GOAL OF THE EXERCISE: Among the records below, find the line that has "Numbers: x, y, z, sx, sy, sz, roll, pitch, yaw."; from there, give the lines again exactly, and stop after the line that has "rotation: [20, 80, 14]".

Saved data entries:
********

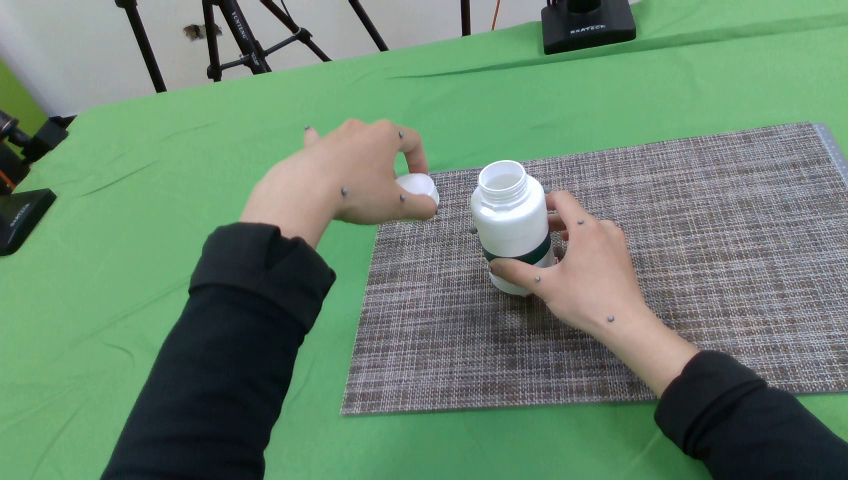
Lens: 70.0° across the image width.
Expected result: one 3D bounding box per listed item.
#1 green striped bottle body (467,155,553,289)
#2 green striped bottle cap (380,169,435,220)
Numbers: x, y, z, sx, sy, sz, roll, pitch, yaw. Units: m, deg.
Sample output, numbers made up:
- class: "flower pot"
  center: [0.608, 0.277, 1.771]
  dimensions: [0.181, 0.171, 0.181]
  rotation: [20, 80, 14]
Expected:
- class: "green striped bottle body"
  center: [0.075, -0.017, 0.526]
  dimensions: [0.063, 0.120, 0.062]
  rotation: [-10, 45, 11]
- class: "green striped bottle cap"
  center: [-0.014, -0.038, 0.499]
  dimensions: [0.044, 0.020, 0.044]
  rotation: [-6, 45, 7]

********

TASK RESULT:
Numbers: x, y, z, sx, sy, sz, roll, pitch, yaw. Units: m, deg.
Sample output, numbers made up:
- class: "flower pot"
  center: [0.608, 0.277, 1.771]
  dimensions: [0.181, 0.171, 0.181]
  rotation: [20, 80, 14]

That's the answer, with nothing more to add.